Whether prevailing wage makes sense or not really comes down to how important it is for your crew to be trained. Because guys are paid what they are worth in the open market, and guys who are fully trained are usually paid more than the prevailing wage scale. At least that is true where I live. If it is OK to have just the foremen and some lead guys fully trained, and use unskilled labor for the rest, then you might consider deliberately building a building with a few good guys and a bunch of schmucks. If you did that, you might end up with as much as a 10-15% differential in the entire crew rate between prevailing and not prevailing wage projects.

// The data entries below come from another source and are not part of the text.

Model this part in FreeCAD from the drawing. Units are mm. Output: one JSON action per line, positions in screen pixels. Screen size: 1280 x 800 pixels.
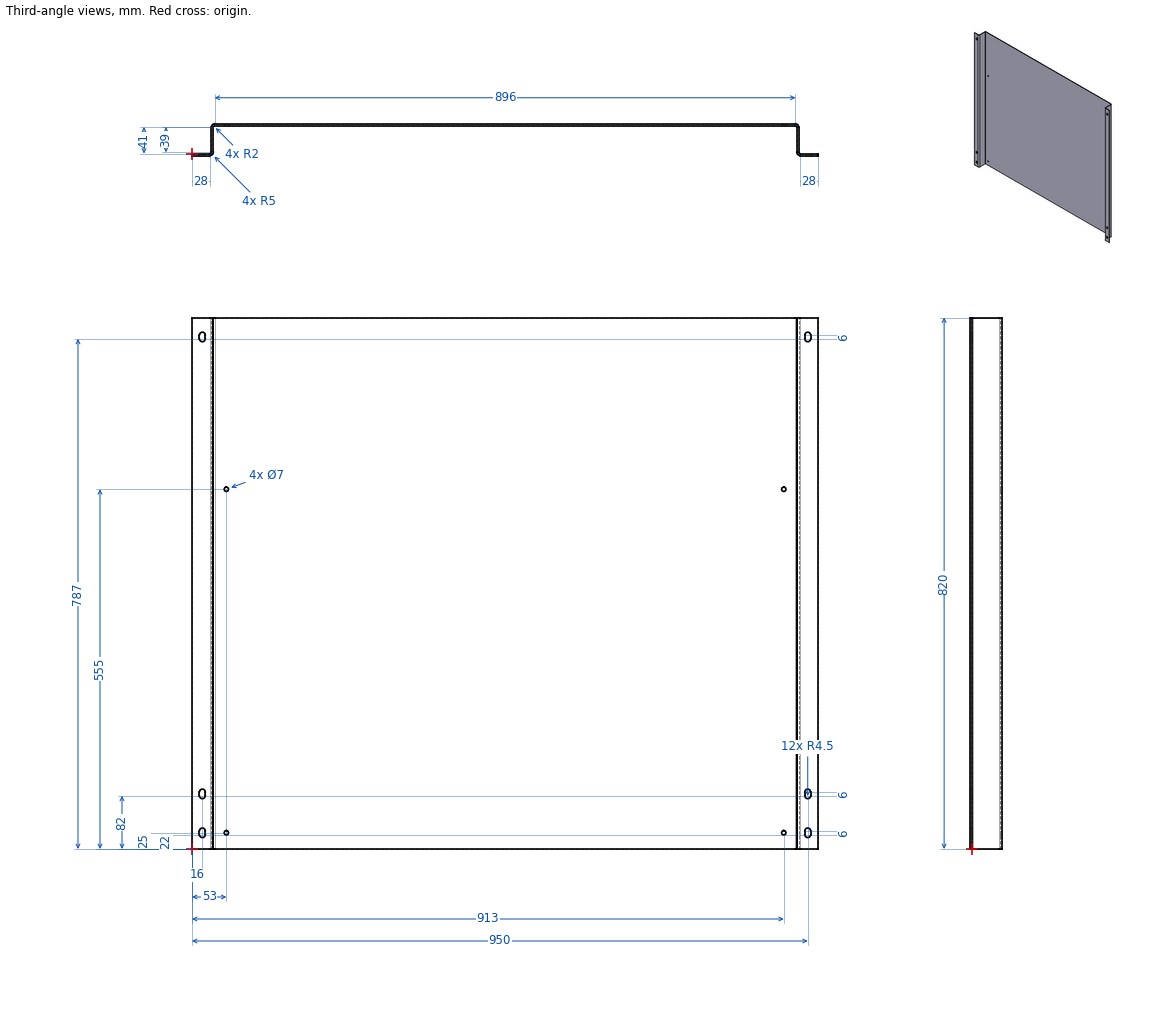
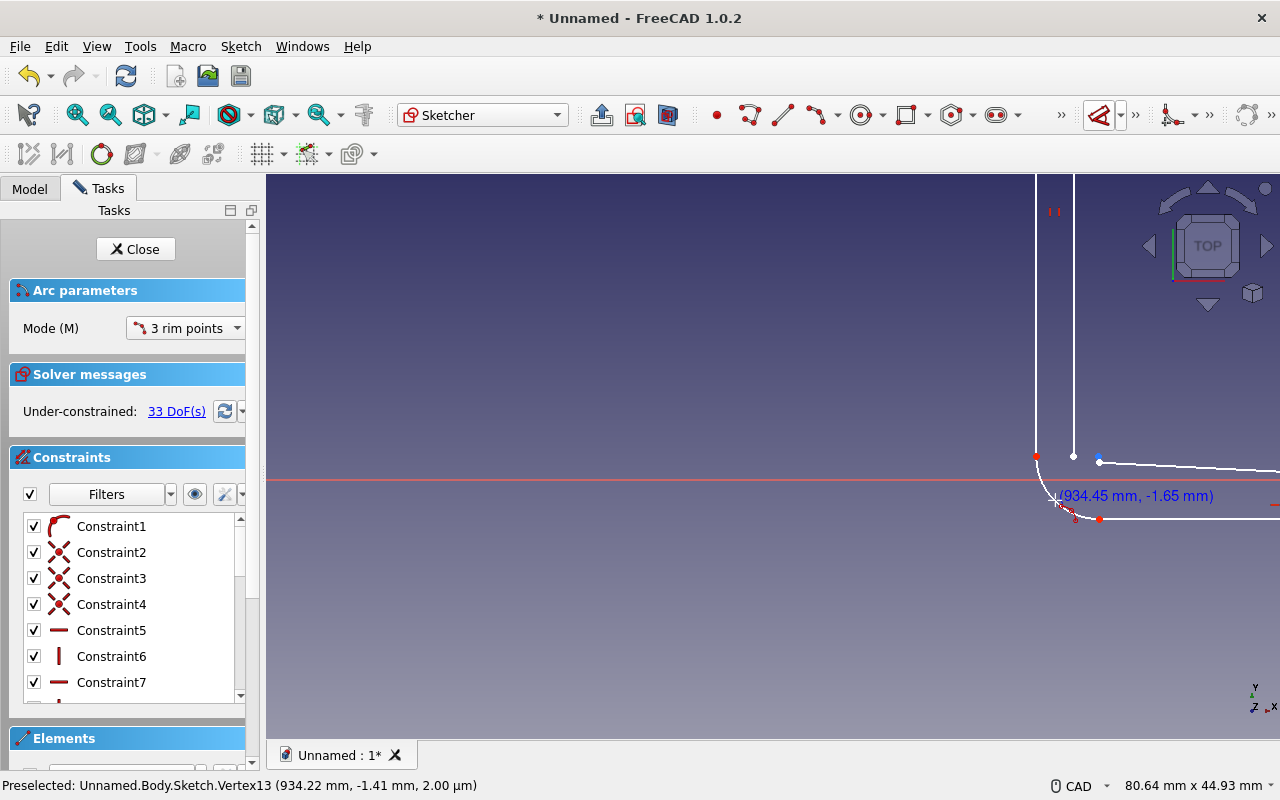
{"action": "left_click", "coordinate": [1099, 463]}
{"action": "left_click", "coordinate": [1074, 456]}
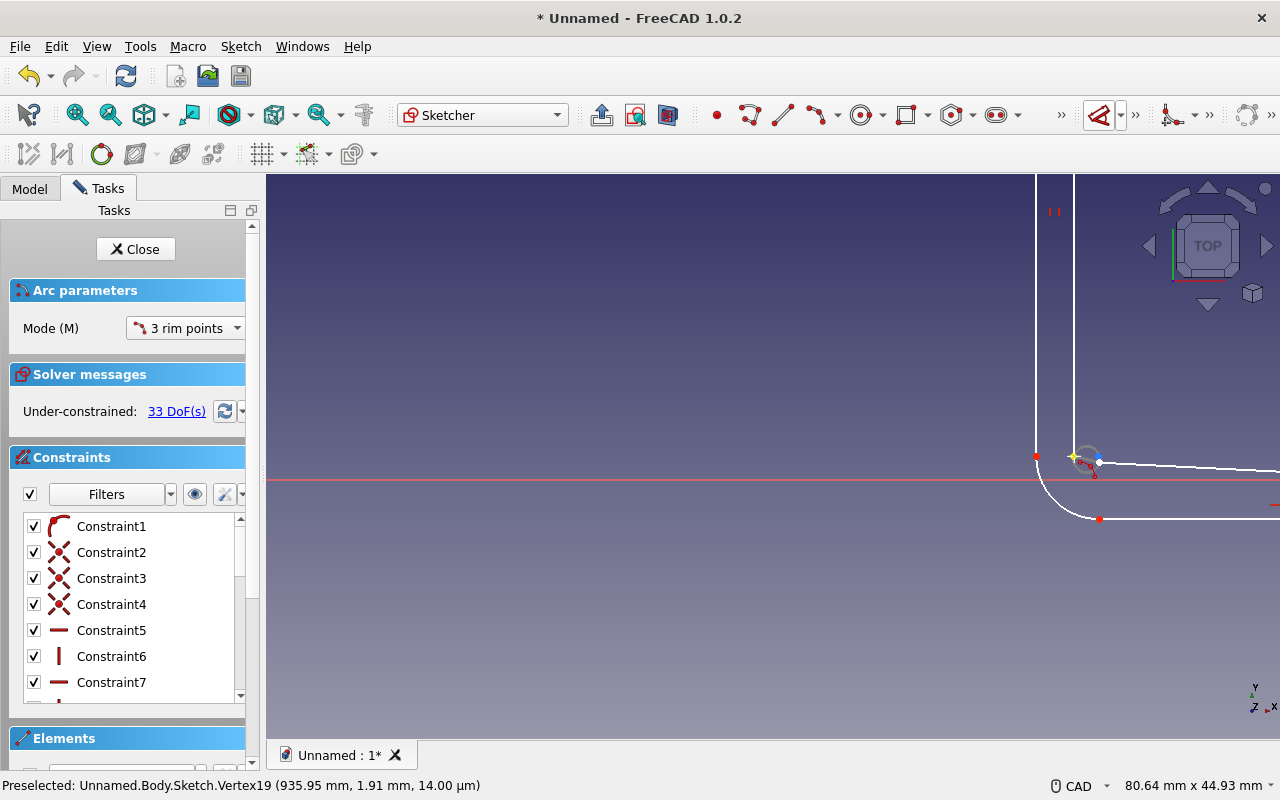
{"action": "scroll", "coordinate": [1082, 473], "scroll_direction": "up", "scroll_amount": 4}
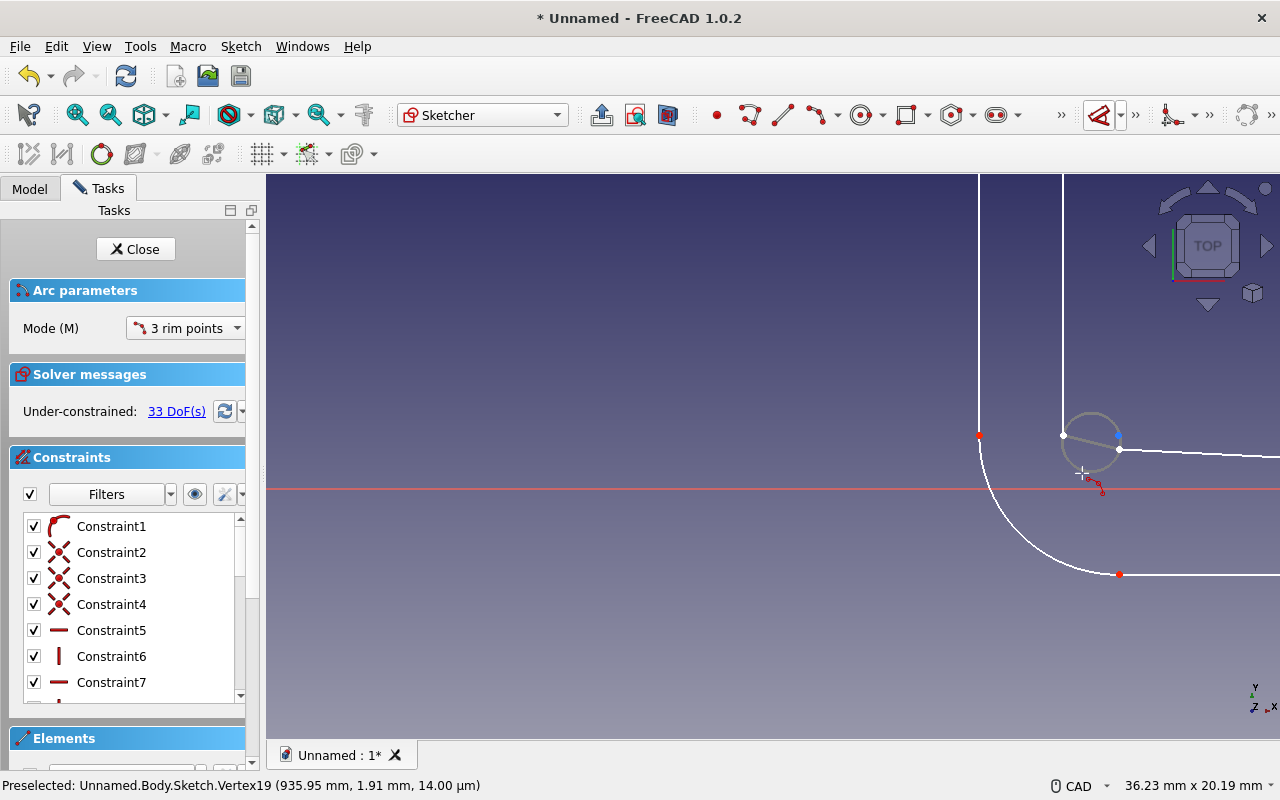
{"action": "left_click", "coordinate": [1081, 472]}

That includes the reality that if your guys are less skilled, their productivity is lower, and you need more working hours, more guys or both to build the job. Most federal money prevailing wage projects also require the use of more apprentices than we would normally use, because there is a desire on the government's part to ensure that we keep a pipeline of apprentices coming to take the place of guys who retire, as well as helping with both training and employment for young people. That increase in the % of folks who are apprentices partially offsets the requirement that people be paid at the rate that a trained person would expect to get. Not completely, because again they tend to be less productive, but partially. Finally, less work has to be done over again, fewer mistakes and fewer accidents when the crew is fully qualified. Can't say the same if a significant % of the crew is not fully trained.

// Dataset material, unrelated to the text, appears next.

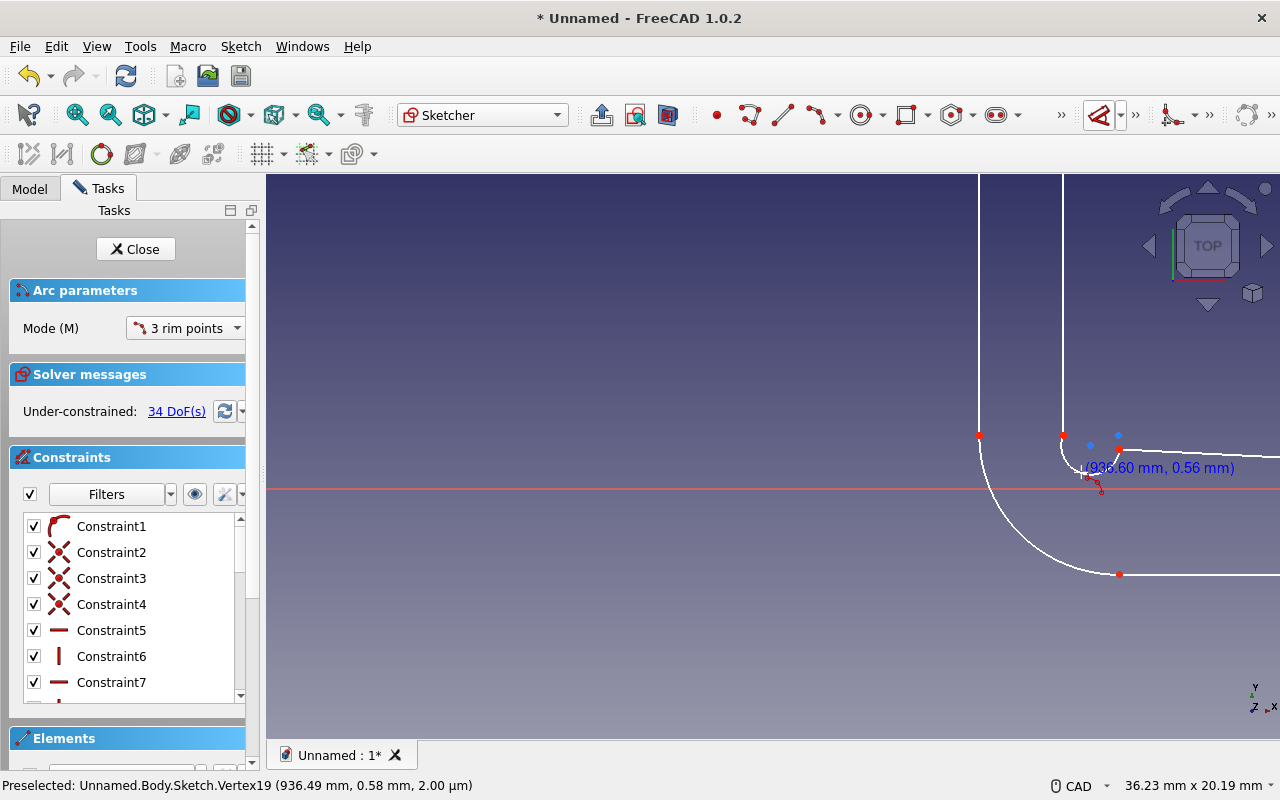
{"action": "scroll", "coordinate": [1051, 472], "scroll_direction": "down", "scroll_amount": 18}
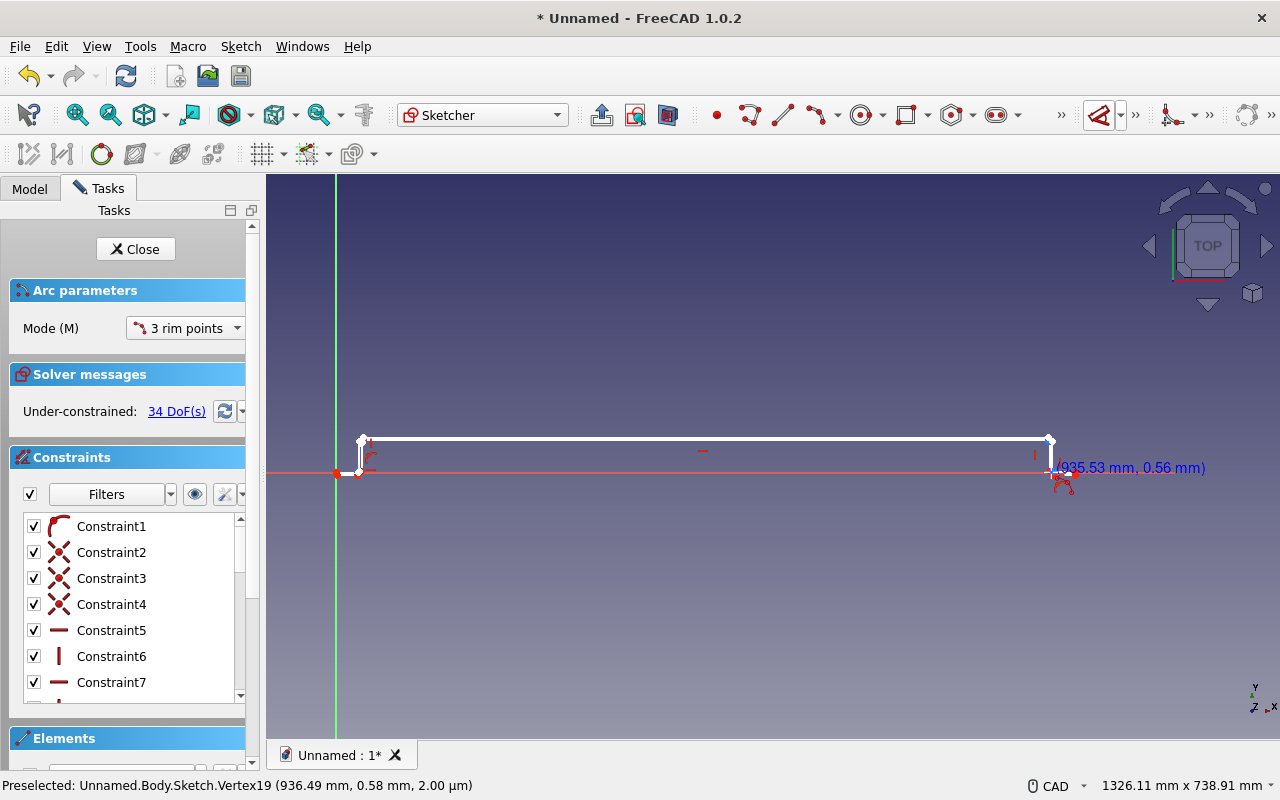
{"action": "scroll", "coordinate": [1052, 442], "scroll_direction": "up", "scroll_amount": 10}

Also recognize that the costs of equipment and materials are agnostic regarding whether a project is prevailing wage or not prevailing wage. Net net, the total impact of prevailing wage is probably at least 5% in the total project cost, but rarely 10%. It is something, but it is not a big factor in a building's construction budget.

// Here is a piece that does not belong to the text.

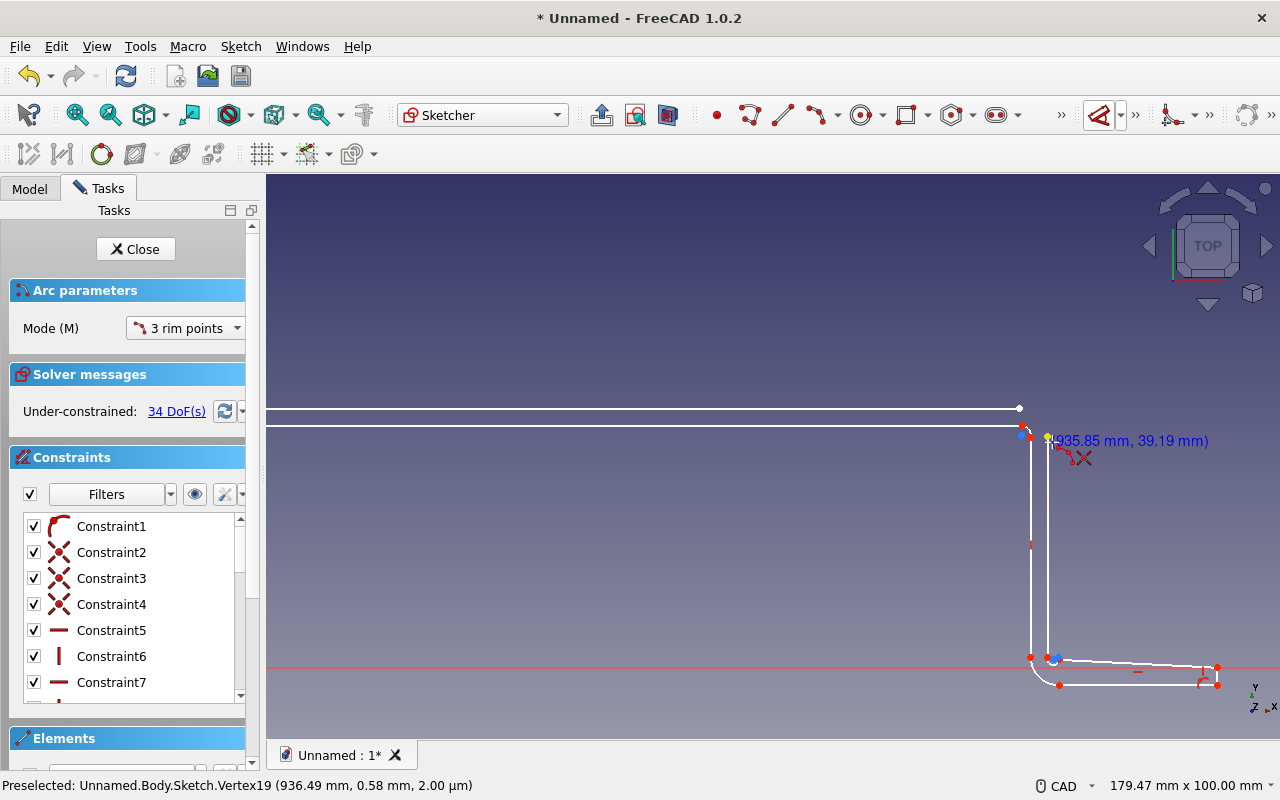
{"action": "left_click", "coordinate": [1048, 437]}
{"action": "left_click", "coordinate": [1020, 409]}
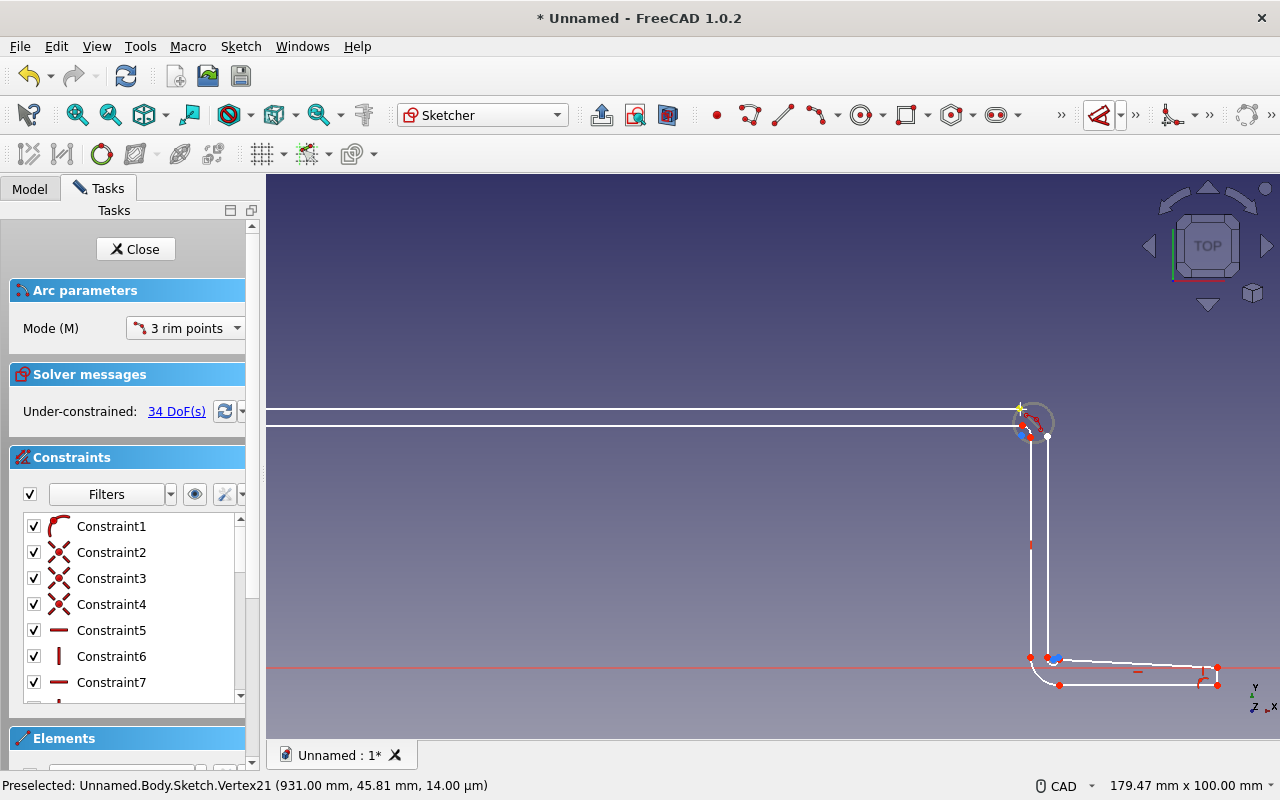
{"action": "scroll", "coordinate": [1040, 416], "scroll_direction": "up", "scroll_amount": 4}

And remember...skilled labor isn't cheap, and cheap labor isn't skilled. That has been true as long as construction has been in existence. It might be OK to have sloppier work on some buildings. That is a decision that ought to be made consciously, rather than blindly. Which is one of the reasons for prevailing wages. Are they a good idea? That is as much a political and social question as it is a cost question. But don't over-estimate the cost magnitude for a building's total delivered cost in terms of whether the project is prevailing wage or not, because I have yet to see a total building that would have more than a 10% differential due to prevailing wage, and it is typically less than that. Specific trades might be more or less, but the IPF is not $50 million solely or even significantly due to prevailing wage rules.